Il Tribunale ha ritenuto infondate anche due eccezioni in rito dell’opponente, che assumeva il decreto ingiuntivo dovesse essere notificato nel domicilio eletto per il procedimento di sfratto: “Va perlatro osservato che appaiono prive di pregio anche le due obiezioni avanzate dal convenuto circa la asserita nullità della notifica del decreto ingiuntivo (tesi che perlatro dovrebbero legittimare – semmai un opposizione tardiva in quel procedimento e non possono essere oggetto di valutazione nel presente, se non in via meramente incidentale): Per quanto possa qui rilevare, quanto alla notifica alla parte ai sensi dell’art. 140 c.p.c. appaiono rispettate tutte le formalità previste dalla norma e dalle successive interpretazioni rese dalla Consulta, posto che dalla copia depositata in via telematica risulta effettuata la notifica presso la dimora del convenuto (luogo che neanche egli stesso disconosce sia tale), è stato effettuato il deposito presso l’ufficio e il contestuale avviso raccomandato di cui risulta risulta – dall’avviso di ricevimento reso con l’atto – che il destinatario non abbia curato il ritiro per dieci giorni. Né peraltro l’opponente, aldilà di generiche riflessioni circa le modalità di notifica ai sensi dell’art 140 c.pc., ha spiegato in quali violazioni sarebbe incorsa la notifica del decreto.

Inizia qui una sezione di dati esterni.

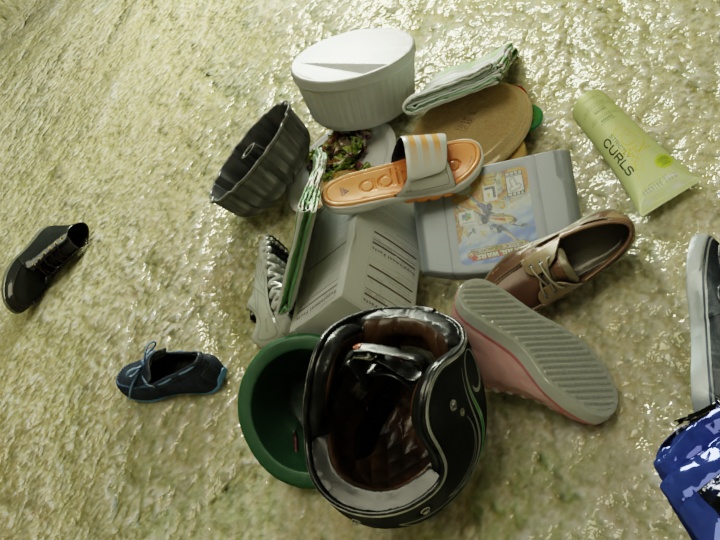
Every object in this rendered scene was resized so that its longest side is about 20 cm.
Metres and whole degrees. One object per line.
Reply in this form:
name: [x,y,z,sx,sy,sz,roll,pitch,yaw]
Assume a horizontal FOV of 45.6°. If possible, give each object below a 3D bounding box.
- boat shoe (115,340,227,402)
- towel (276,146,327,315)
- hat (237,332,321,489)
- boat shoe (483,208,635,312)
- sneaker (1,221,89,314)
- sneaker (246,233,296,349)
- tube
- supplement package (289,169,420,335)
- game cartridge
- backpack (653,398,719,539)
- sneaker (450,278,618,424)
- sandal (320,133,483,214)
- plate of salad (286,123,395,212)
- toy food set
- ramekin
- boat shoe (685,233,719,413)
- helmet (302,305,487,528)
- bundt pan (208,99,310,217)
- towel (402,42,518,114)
boat shoe: [-0.277,0.135,1.218,0.197,0.069,0.085,-14,46,28]
towel: [-0.072,-0.052,1.072,0.023,0.154,0.201,12,28,-4]
hat: [-0.052,0.159,1.061,0.164,0.176,0.202,-32,78,6]
boat shoe: [0.212,-0.005,0.942,0.199,0.076,0.072,-36,-1,7]
sneaker: [-0.585,-0.014,1.590,0.105,0.075,0.202,-12,46,32]
sneaker: [-0.128,0.026,1.205,0.081,0.075,0.201,-35,39,19]
tube: [0.321,-0.146,1.028,0.201,0.051,0.059,-112,36,-44]
supplement package: [0.000,0.000,1.070,0.113,0.109,0.202,-35,34,43]
game cartridge: [0.163,-0.060,1.027,0.197,0.042,0.135,-12,70,17]
backpack: [0.339,0.157,0.643,0.199,0.163,0.168,-35,36,6]
sneaker: [0.172,0.104,0.903,0.200,0.105,0.075,39,51,22]
sandal: [0.048,-0.120,1.018,0.204,0.060,0.080,-17,50,0]
plate of salad: [-0.037,-0.168,1.327,0.198,0.048,0.202,-22,43,22]
toy food set: [0.156,-0.189,1.195,0.198,0.049,0.200,1,54,39]
ramekin: [-0.004,-0.297,1.346,0.199,0.095,0.204,-9,34,6]
boat shoe: [0.359,0.051,0.803,0.090,0.071,0.203,-9,55,30]
helmet: [0.036,0.152,0.863,0.196,0.194,0.200,-2,21,1]
bundt pan: [-0.152,-0.167,1.365,0.201,0.076,0.203,-41,24,23]
towel: [0.146,-0.282,1.238,0.147,0.031,0.200,-16,19,24]
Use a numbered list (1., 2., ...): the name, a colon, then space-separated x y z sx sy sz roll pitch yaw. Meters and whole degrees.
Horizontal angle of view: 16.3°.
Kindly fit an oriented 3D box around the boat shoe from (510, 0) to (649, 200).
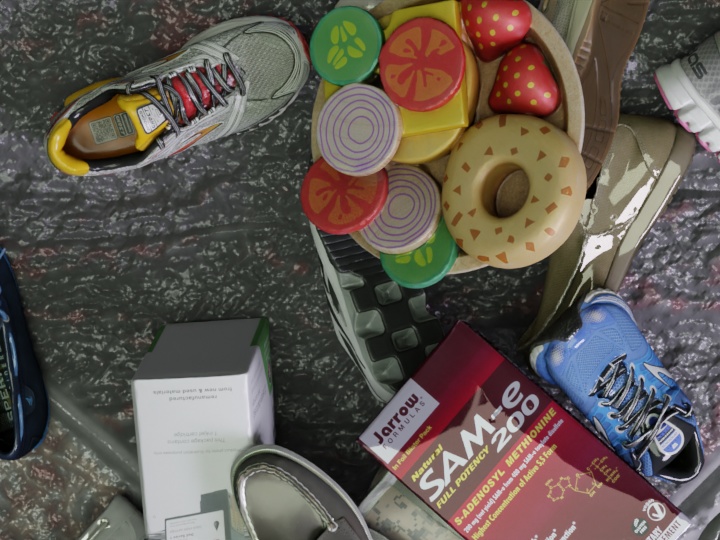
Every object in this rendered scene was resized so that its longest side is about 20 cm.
1. boat shoe: 0.131 -0.125 1.672 0.065 0.072 0.201 14 83 44

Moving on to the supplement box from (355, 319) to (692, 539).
1. supplement box: 0.106 0.137 1.637 0.200 0.061 0.109 41 91 8

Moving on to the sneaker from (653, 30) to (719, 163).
1. sneaker: 0.293 -0.089 1.683 0.200 0.074 0.087 43 110 -1

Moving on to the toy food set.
1. toy food set: 0.050 -0.090 1.626 0.197 0.049 0.201 -9 82 24

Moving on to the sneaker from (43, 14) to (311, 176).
1. sneaker: -0.124 -0.110 1.715 0.200 0.082 0.078 -25 100 10

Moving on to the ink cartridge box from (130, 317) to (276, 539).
1. ink cartridge box: -0.102 0.149 1.744 0.084 0.146 0.201 -3 104 4

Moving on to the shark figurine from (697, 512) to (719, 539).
1. shark figurine: 0.250 0.224 1.753 0.128 0.214 0.090 -1 64 34

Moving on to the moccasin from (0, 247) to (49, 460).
1. moccasin: -0.269 0.039 1.772 0.080 0.068 0.200 -25 100 11

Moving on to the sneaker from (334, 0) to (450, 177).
1. sneaker: 0.052 -0.106 1.688 0.070 0.093 0.200 -36 99 23

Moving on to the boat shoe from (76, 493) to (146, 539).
1. boat shoe: -0.232 0.238 1.818 0.200 0.072 0.066 -38 92 13

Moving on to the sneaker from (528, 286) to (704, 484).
1. sneaker: 0.183 0.082 1.677 0.079 0.089 0.200 -46 140 1

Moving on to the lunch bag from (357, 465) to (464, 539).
1. lunch bag: 0.072 0.194 1.723 0.164 0.118 0.200 36 93 6

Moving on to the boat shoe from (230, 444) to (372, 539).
1. boat shoe: -0.020 0.205 1.651 0.072 0.060 0.202 -32 99 12

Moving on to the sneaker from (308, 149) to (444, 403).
1. sneaker: 0.000 0.000 1.737 0.074 0.089 0.201 -9 79 -17

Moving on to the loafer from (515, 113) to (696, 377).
1. loafer: 0.156 -0.022 1.717 0.067 0.076 0.200 29 95 -1
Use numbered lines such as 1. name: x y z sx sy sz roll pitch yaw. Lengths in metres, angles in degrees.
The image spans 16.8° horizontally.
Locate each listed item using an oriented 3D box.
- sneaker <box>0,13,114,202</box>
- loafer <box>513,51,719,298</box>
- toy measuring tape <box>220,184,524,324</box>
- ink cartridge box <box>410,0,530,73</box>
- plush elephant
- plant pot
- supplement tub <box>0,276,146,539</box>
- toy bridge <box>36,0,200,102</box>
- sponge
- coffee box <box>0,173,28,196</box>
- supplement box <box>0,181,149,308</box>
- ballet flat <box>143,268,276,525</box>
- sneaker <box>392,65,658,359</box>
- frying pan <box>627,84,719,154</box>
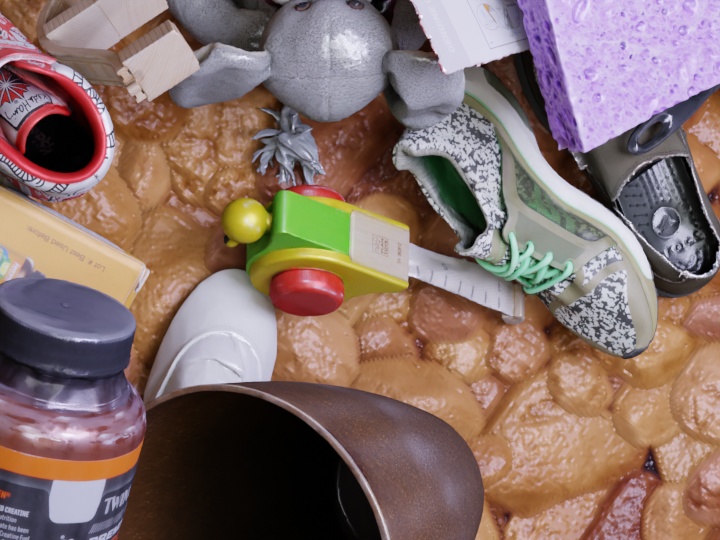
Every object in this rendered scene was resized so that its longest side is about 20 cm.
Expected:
1. sneaker: -0.199 -0.114 1.208 0.067 0.108 0.201 -45 103 -9
2. loafer: 0.157 -0.075 1.391 0.075 0.070 0.200 -34 101 -8
3. toy measuring tape: 0.000 0.000 1.376 0.200 0.074 0.074 19 90 -34
4. ink cartridge box: 0.067 -0.185 1.300 0.200 0.050 0.161 -21 82 -41
5. plush elephant: -0.024 -0.139 1.301 0.164 0.155 0.201 -1 94 -12
6. plant pot: -0.019 0.137 1.299 0.187 0.200 0.187 4 99 28
7. supplement tub: -0.167 0.107 1.195 0.107 0.107 0.200 12 110 -13
8. toy bridge: -0.133 -0.129 1.260 0.067 0.200 0.027 -33 119 2
9. sponge: 0.125 -0.172 1.237 0.111 0.030 0.200 -25 110 -26
10. coffee box: -0.247 -0.036 1.299 0.114 0.080 0.200 31 87 -14
11. supplement box: -0.210 -0.023 1.234 0.200 0.069 0.067 30 89 -16
12. ballet flat: -0.097 0.095 1.352 0.069 0.069 0.200 27 88 -13
13. sneaker: 0.083 -0.018 1.362 0.200 0.077 0.089 48 45 -6
14. frying pan: 0.227 -0.117 1.402 0.115 0.031 0.190 32 71 -17
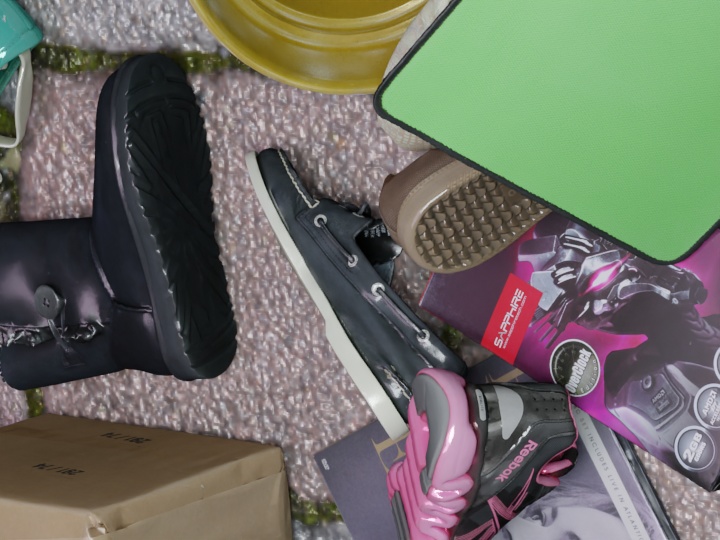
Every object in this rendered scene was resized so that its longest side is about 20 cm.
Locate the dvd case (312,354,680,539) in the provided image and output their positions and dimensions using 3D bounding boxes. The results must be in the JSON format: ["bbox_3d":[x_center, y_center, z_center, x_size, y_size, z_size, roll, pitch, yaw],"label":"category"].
[{"bbox_3d":[0.074,0.132,1.492,0.200,0.016,0.149,-31,82,37],"label":"dvd case"}]

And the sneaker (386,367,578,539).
[{"bbox_3d":[0.067,0.114,1.420,0.200,0.095,0.079,105,155,-61],"label":"sneaker"}]

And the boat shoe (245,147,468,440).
[{"bbox_3d":[-0.001,-0.001,1.481,0.066,0.075,0.200,-30,53,2],"label":"boat shoe"}]

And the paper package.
[{"bbox_3d":[-0.165,0.159,1.567,0.199,0.190,0.104,4,101,35],"label":"paper package"}]

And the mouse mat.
[{"bbox_3d":[0.125,-0.090,1.260,0.161,0.199,0.008,-47,31,27],"label":"mouse mat"}]

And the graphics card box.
[{"bbox_3d":[0.137,0.011,1.385,0.200,0.051,0.126,33,110,25],"label":"graphics card box"}]

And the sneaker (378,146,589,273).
[{"bbox_3d":[0.099,-0.070,1.336,0.076,0.199,0.071,-128,16,-59],"label":"sneaker"}]

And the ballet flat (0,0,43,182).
[{"bbox_3d":[-0.247,-0.083,1.651,0.070,0.067,0.200,34,123,9],"label":"ballet flat"}]

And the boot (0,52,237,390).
[{"bbox_3d":[-0.168,-0.024,1.595,0.167,0.076,0.201,-2,106,33],"label":"boot"}]

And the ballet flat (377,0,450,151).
[{"bbox_3d":[0.063,-0.119,1.351,0.200,0.067,0.063,-62,34,40],"label":"ballet flat"}]

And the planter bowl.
[{"bbox_3d":[-0.006,-0.199,1.400,0.084,0.199,0.201,-115,35,-63],"label":"planter bowl"}]
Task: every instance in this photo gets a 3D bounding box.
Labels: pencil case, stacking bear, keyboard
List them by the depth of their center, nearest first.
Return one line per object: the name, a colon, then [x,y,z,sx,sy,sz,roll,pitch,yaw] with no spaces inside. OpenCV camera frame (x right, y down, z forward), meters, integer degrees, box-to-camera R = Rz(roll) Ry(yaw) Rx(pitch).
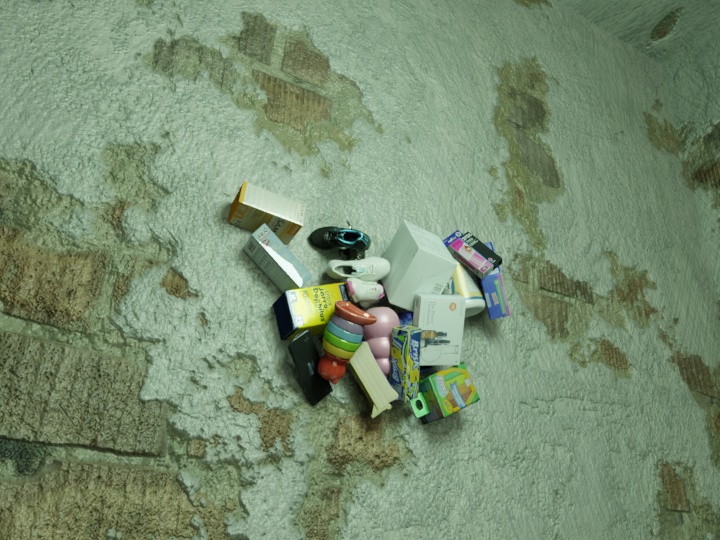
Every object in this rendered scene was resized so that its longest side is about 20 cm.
stacking bear: [-0.054,0.199,1.549,0.119,0.205,0.113,24,8,26]
keyboard: [-0.122,0.254,1.583,0.126,0.020,0.205,-32,113,-31]
pencil case: [0.207,0.183,1.771,0.195,0.088,0.079,19,39,-23]

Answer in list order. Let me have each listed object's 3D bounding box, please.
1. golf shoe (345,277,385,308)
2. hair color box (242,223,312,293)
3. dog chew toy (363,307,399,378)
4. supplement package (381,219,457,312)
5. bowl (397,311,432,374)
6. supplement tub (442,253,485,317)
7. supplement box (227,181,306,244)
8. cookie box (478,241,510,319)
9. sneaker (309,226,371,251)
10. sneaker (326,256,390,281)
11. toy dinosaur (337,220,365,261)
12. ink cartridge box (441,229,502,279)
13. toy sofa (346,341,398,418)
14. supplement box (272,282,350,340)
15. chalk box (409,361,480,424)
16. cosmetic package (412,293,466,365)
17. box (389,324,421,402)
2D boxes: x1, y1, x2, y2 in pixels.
golf shoe: [0.015,0.054,1.700,0.200,0.089,0.077,34,36,-71]
hair color box: [-0.237,-0.023,1.638,0.200,0.099,0.061,47,54,-4]
dog chew toy: [0.061,0.215,1.701,0.121,0.124,0.207,3,75,-29]
supplement package: [0.169,-0.008,1.771,0.144,0.195,0.201,21,23,-21]
bowl: [0.167,0.224,1.806,0.195,0.039,0.207,13,63,-26]
supplement tub: [0.325,0.045,1.915,0.141,0.144,0.206,0,68,-30]
supplement box: [-0.270,-0.163,1.666,0.195,0.126,0.076,19,59,-21]
cookie box: [0.437,0.033,1.933,0.202,0.073,0.175,-87,160,-57]
sneaker: [-0.067,-0.105,1.737,0.193,0.082,0.076,3,77,16]
sneaker: [0.000,0.000,1.710,0.193,0.088,0.078,-3,91,-11]
toy dinosaur: [-0.018,-0.053,1.812,0.100,0.077,0.205,1,62,-42]
ink cartridge box: [0.354,-0.063,1.861,0.094,0.038,0.199,-33,55,-23]
toy sofa: [0.022,0.305,1.636,0.096,0.083,0.203,-32,85,-6]
supplement box: [-0.133,0.115,1.633,0.195,0.109,0.112,-7,72,-33]
chalk box: [0.234,0.374,1.726,0.196,0.123,0.128,-16,76,-35]
cosmetic package: [0.228,0.175,1.702,0.146,0.052,0.207,1,99,-18]
box: [0.128,0.265,1.653,0.069,0.063,0.207,-4,99,-49]
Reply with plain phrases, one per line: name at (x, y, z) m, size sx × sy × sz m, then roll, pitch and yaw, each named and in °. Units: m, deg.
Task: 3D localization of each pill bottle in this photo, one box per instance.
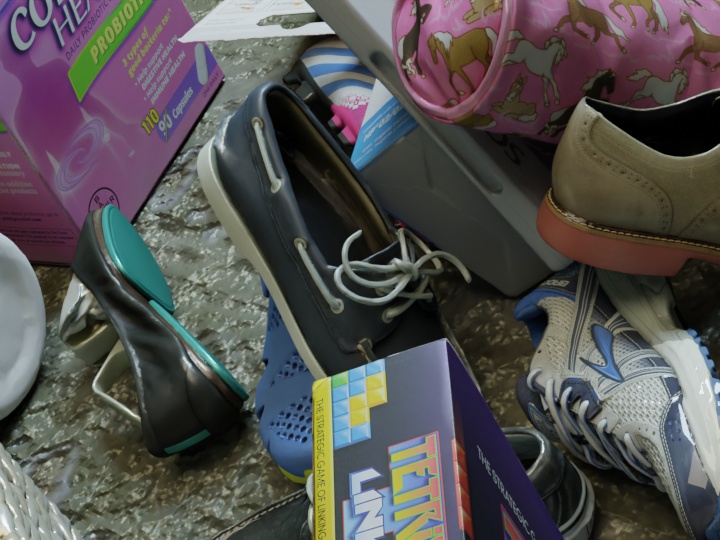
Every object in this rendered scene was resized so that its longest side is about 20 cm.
pill bottle at (-0.293, 0.034, 0.957) m, size 0.198 × 0.117 × 0.117 m, roll -2°, pitch 47°, yaw 30°

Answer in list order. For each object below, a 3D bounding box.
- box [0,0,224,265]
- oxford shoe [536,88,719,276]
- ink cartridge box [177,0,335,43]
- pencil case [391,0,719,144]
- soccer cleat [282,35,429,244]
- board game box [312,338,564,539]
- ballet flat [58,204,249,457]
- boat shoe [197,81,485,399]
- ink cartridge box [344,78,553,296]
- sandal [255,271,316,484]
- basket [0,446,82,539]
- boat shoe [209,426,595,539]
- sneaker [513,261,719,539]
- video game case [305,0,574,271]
box at (-0.198, -0.136, 1.009) m, size 0.096 × 0.201 × 0.177 m, roll 3°, pitch 49°, yaw 34°
oxford shoe at (0.180, -0.040, 0.721) m, size 0.197 × 0.076 × 0.071 m, roll -1°, pitch 31°, yaw -16°
ink cartridge box at (0.005, -0.172, 1.007) m, size 0.159 × 0.051 × 0.200 m, roll 1°, pitch 36°, yaw 31°
pencil case at (0.112, -0.103, 0.757) m, size 0.083 × 0.198 × 0.087 m, roll 43°, pitch 120°, yaw 47°
soccer cleat at (0.023, -0.090, 0.927) m, size 0.086 × 0.070 × 0.200 m, roll -34°, pitch 39°, yaw -4°
board game box at (0.049, 0.152, 0.557) m, size 0.056 × 0.201 × 0.167 m, roll -18°, pitch 41°, yaw 16°
ballet flat at (-0.130, 0.033, 0.899) m, size 0.068 × 0.068 × 0.200 m, roll -41°, pitch 40°, yaw 0°
boat shoe at (0.000, 0.000, 0.773) m, size 0.074 × 0.201 × 0.062 m, roll -22°, pitch -16°, yaw -45°
ink cartridge box at (0.075, -0.102, 0.861) m, size 0.068 × 0.115 × 0.202 m, roll -37°, pitch 28°, yaw 44°
sandal at (-0.026, 0.020, 0.832) m, size 0.079 × 0.087 × 0.201 m, roll -18°, pitch 43°, yaw 12°
basket at (-0.176, 0.203, 0.665) m, size 0.199 × 0.162 × 0.198 m, roll -32°, pitch 39°, yaw -5°
boat shoe at (0.004, 0.109, 0.730) m, size 0.198 × 0.071 × 0.073 m, roll -19°, pitch 41°, yaw 14°
sneaker at (0.117, 0.061, 0.716) m, size 0.084 × 0.078 × 0.201 m, roll -26°, pitch 30°, yaw 7°
video game case at (0.081, -0.122, 0.814) m, size 0.023 × 0.182 × 0.200 m, roll -37°, pitch 9°, yaw 45°

Quanto la doglianza circa l’omessa notifica al domicilio eletto, è di tutta evidenza che tale norma sia volta favorire le comunicazioni in corso di causa alle parti costituite, e tale non può considerarsi la notifica alla parte – in vista della esecuzione – di un decreto ingiuntivo munito di formula esecutiva, che deve necessariamente essere notificato al debitore e non al suo procuratore domiciliatario e che – in ogni caso – è relativo a procedimento monitorio del tutto autonomo rispetto a quello di opposizione alla convalida per cui si discute e sarebbe, pertanto, escluso dagli atti soggetti a notifica nel domicilio eletto”.